Par réflexe, je lève mes mains et me bouche les oreilles. Mais ce truc ne marche jamais et je l'entends quand même.
- Ce mec est une bête au lit. Je peux te balancer plein de délires, j'crois qu'y a pas une position dans laquelle il m'a pas prise. Par derrière, par devant, même...
- Arrête, s'il te plaît !
Le cœur sur une civière, j'inspire profondément lorsqu'elle renonce à me torturer.
- Alors t'en es encore là, constate-t-elle avec une moue narquoise. T'es vraiment trop conne.
- C'est gentil.
- Toi, tu pourrais avoir qui tu veux et tu t'accroches à cette ordure. Je capte pas.
Je crispe les poings contre mes flancs, courroucée. Cette fois, je la regarde bien en face, je serre les dents à les entendre grincer et il me semble que mes yeux braqués sur elle commettent un homicide.
- Ordure toi-même ! je l'invective. Tu te prends pour... déjà, ne me parle pas de lui ! Et si c'est vraiment ce que tu penses, si c'est comme ça que tu le vois, alors tu n'avais pas à... tu n'avais pas à l'approcher !
- Ah ouais, quand même, rigole la brune après m'avoir dévisagée quelques secondes, complètement bouche bée. Sérieux, qu'est-ce que tu lui trouves ?
- Ça ne te regarde pas. Et toi, qu'est-ce que tu lui reproches ?
- T'as combien d'heures devant toi ? Je te l'ai déjà dit, ce mec prend, mais il ne rend pas. Jamais. Attends un peu, tu finiras par t'en apercevoir.
- Tu dis n'importe quoi.
- S'il te plaît tant que ça, pourquoi tu le laisses pas te sauter ?
Je m'attendais si peu à cette question que le portable de Royce manque m'échapper des mains. Vu l'état critique de l'appareil, je ferais mieux d'éviter de le faire tomber. La moindre cassure pourrait définitivement en venir à bout, je ne m'explique même pas comment l'engin peut encore fonctionner. Quand j'essaye de déglutir, ma salive me paraît trop lourde et je dois m'y reprendre à plusieurs reprises pour l'avaler.
Rachel se lève et je tressaille quand elle vient se laisser tomber juste à côté de moi, sur mon canapé. À présent, elle m'observe de beaucoup plus près, un bras nonchalamment étendu sur le dossier. Ça ne me met pas très à l'aise.
- T'as déjà couché ? elle m'interroge de but en blanc.
Royce est la seule autre personne qui ait osé me poser la question aussi crûment. Même Mia ne m'a jamais ouvertement interrogée là-dessus, bien que je soupçonne qu'elle devine la réponse. Tant mieux pour elle parce que moi-même, je ne suis pas certaine de la connaître.
- Qu... quoi ?
- Comment ça "quoi" ? Est-ce que t'as déjà laissé un type te la mettre ?
Pardon ?
Cette conversation est en train de dérailler !
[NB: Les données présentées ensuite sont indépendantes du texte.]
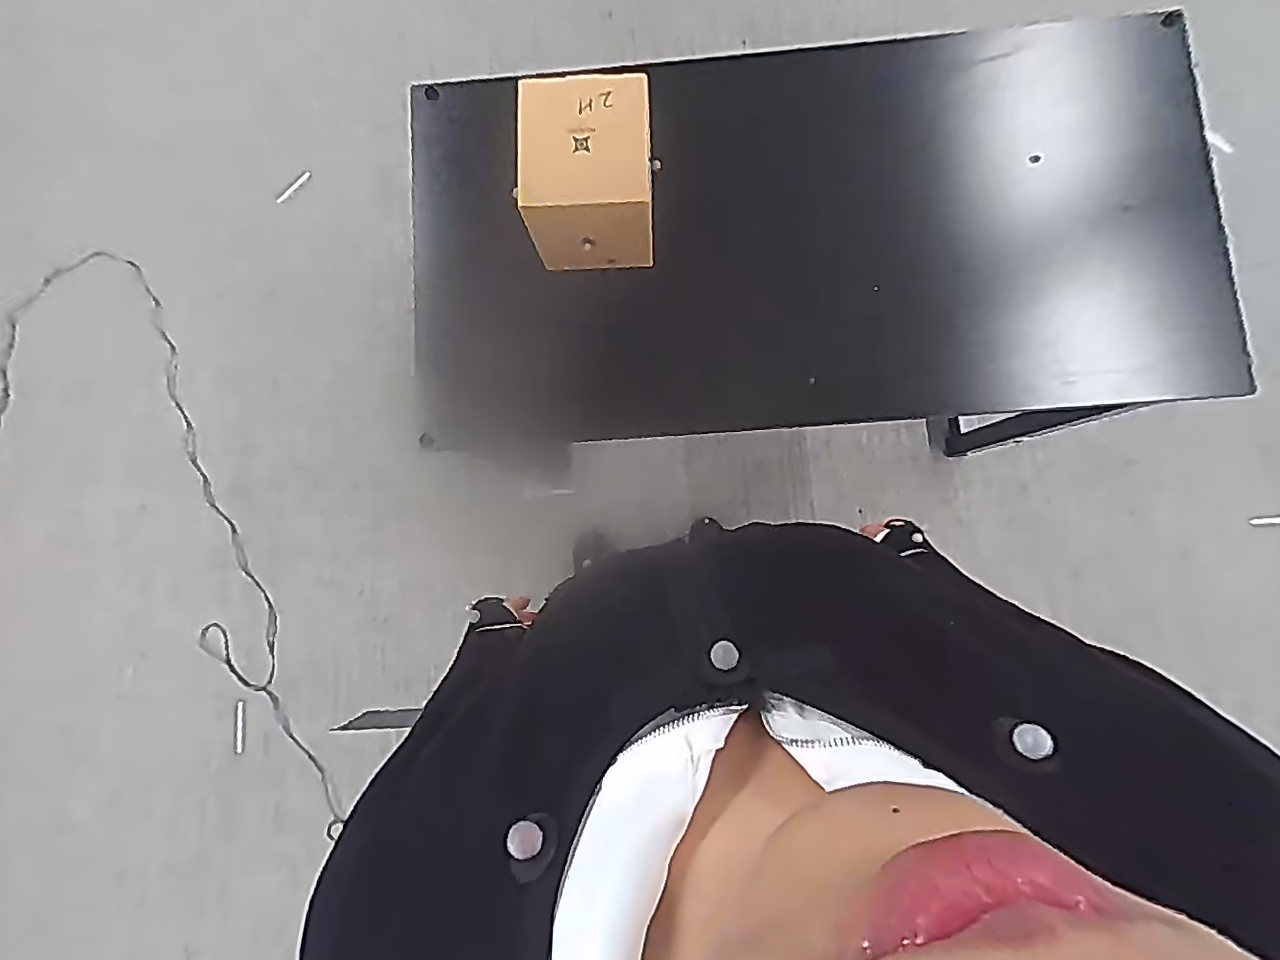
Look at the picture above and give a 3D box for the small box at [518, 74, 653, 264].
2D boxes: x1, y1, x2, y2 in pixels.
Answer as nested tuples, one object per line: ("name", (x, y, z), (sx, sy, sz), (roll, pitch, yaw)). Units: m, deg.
("small box", (-0.068, -0.420, 0.761), (0.168, 0.176, 0.179), (-1, 84, 3))
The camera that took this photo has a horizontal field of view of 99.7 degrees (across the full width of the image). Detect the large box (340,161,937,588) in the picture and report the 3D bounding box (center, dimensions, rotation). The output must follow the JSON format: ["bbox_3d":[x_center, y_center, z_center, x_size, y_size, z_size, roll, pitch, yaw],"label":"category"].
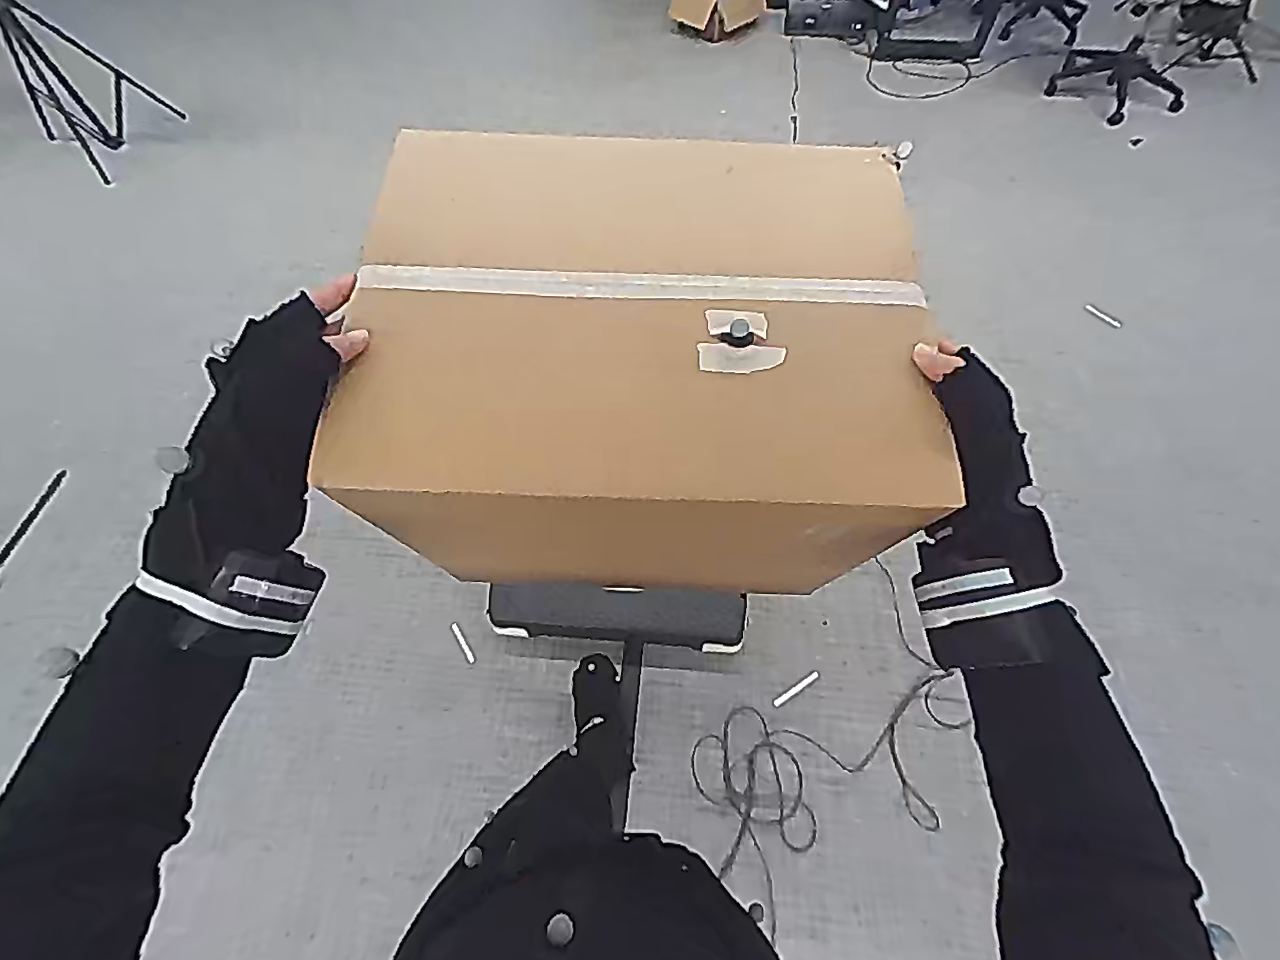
[{"bbox_3d":[-0.002,-0.075,0.549,0.408,0.320,0.320,2,68,0],"label":"large box"}]

- Mais... mais... je ne vais pas te le dire ! C'est personnel !
- Non, donc. Pourquoi pas ?
- Pourquoi pas quoi ? je chuchote en admirant mes genoux.
J'ai un bleu. Je ne sais même pas quand est-ce que je me le suis fait. Probablement hier, quand je faisais l'idiote dans une discothèque.
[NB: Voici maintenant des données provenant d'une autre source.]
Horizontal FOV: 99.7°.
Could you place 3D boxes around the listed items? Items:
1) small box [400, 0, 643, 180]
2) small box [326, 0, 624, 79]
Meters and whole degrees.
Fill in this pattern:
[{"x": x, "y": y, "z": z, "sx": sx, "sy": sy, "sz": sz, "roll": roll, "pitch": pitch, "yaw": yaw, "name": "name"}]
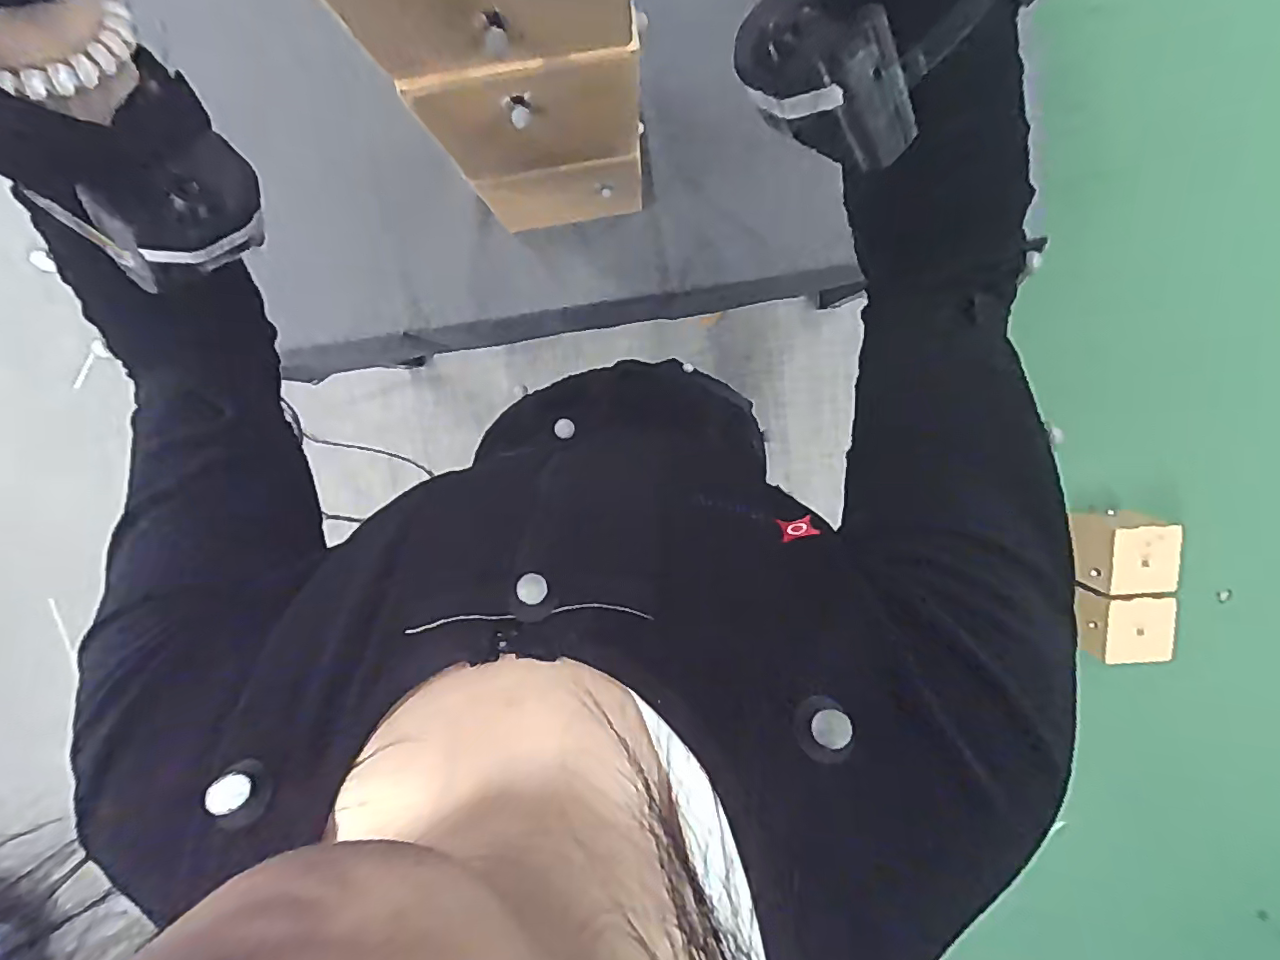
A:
[{"x": -0.095, "y": -0.377, "z": 0.450, "sx": 0.179, "sy": 0.176, "sz": 0.168, "roll": -9, "pitch": 99, "yaw": 2, "name": "small box"}, {"x": -0.100, "y": -0.355, "z": 0.287, "sx": 0.179, "sy": 0.176, "sz": 0.168, "roll": -7, "pitch": 98, "yaw": 1, "name": "small box"}]
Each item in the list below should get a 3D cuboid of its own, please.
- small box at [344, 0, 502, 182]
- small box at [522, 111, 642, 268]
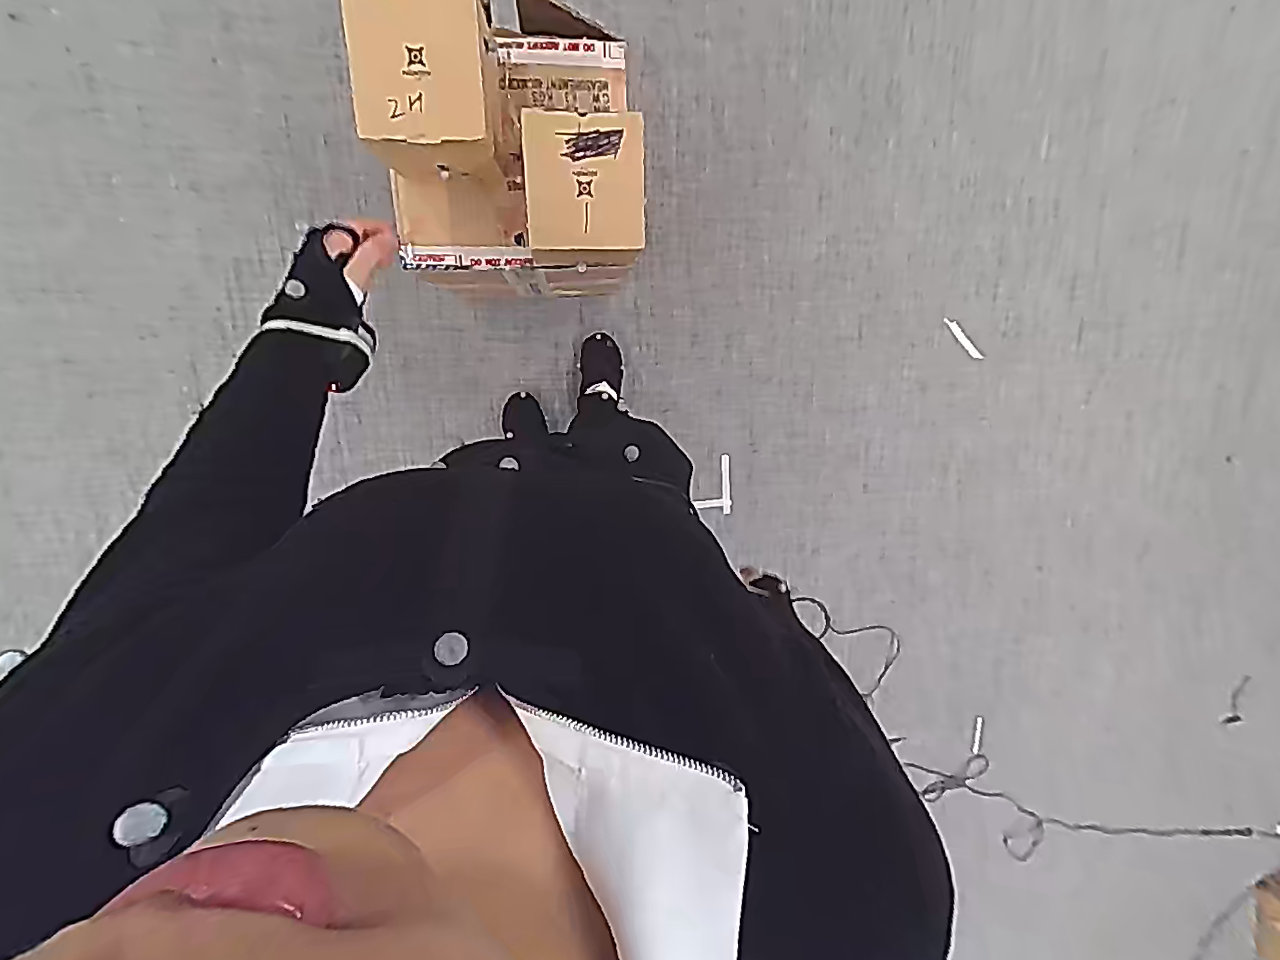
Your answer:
[{"bbox_3d":[-0.295,-0.548,0.769,0.168,0.176,0.179,-2,105,-5],"label":"small box"},{"bbox_3d":[-0.090,-0.429,0.826,0.168,0.176,0.179,-3,105,-8],"label":"small box"}]
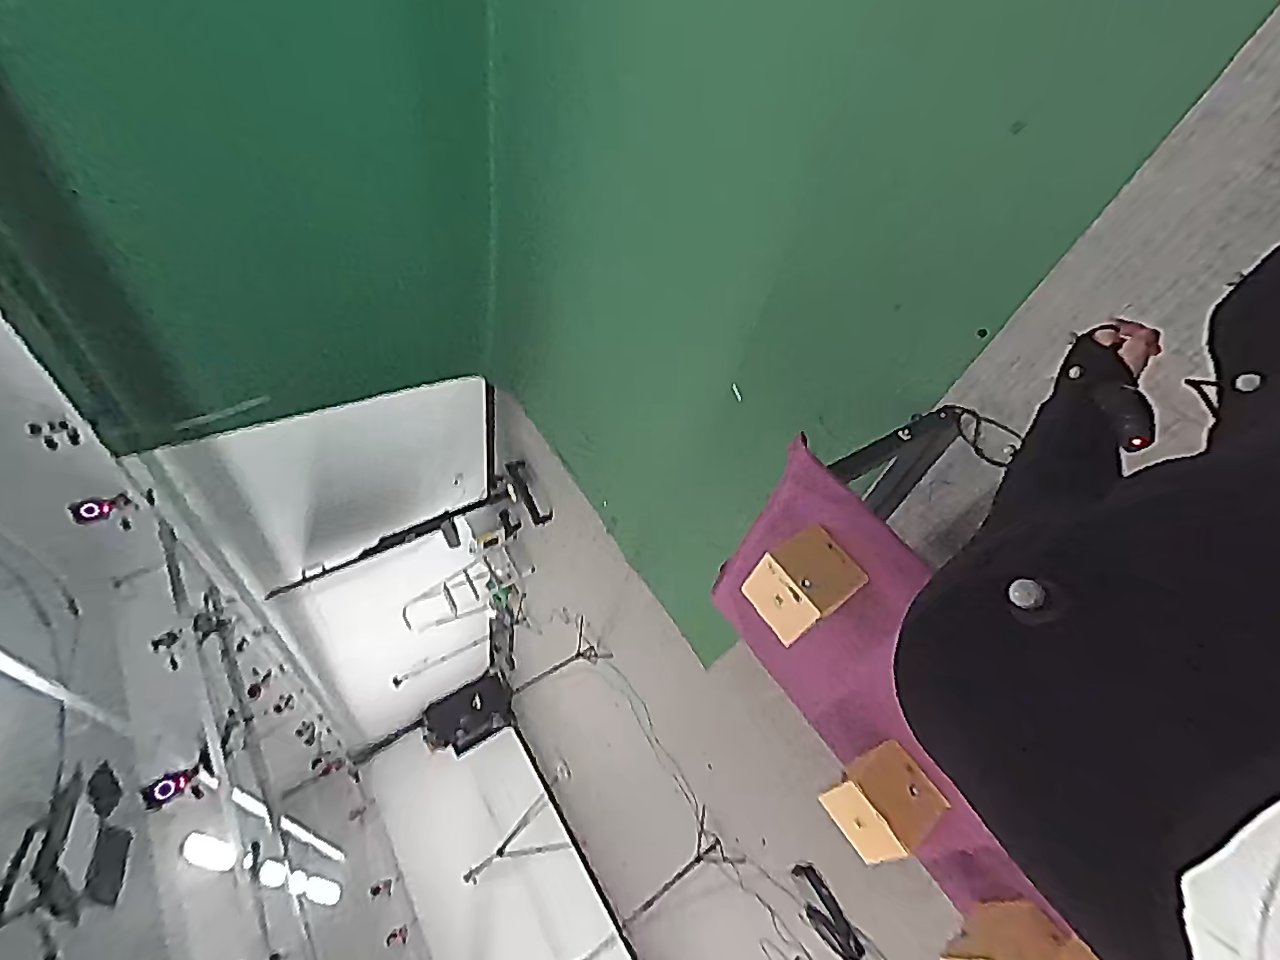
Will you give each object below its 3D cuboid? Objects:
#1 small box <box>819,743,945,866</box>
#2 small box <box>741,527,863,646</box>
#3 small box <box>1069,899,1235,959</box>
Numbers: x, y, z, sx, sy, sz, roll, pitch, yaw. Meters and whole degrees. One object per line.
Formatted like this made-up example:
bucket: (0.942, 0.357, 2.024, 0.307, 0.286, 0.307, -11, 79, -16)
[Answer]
small box: (0.558, 0.747, 1.249, 0.168, 0.176, 0.179, 51, 144, 27)
small box: (0.364, 0.237, 1.216, 0.168, 0.176, 0.179, 50, 148, 24)
small box: (0.829, 0.802, 0.853, 0.168, 0.176, 0.179, 51, 147, 27)

- Qu'est-ce t'attends pour te faire baiser ? C'est pareil qu'arracher un pansement. Après, c'est le pied.
Je me mords la langue sans le faire exprès. Je n'ose même plus relever les yeux pour croiser ceux, impitoyables, qui me fouillent aussi grossièrement. J'avais prévu de lui conseiller à nouveau de se mêler de ce qui la regarde, mais étrangement, c'est une tout autre chose qui sort de ma bouche quand je l'ouvre.
- Et si... et si je n'aime pas ça ? je m'entends souffler comme une idiote, le regard perdu dans la poussière.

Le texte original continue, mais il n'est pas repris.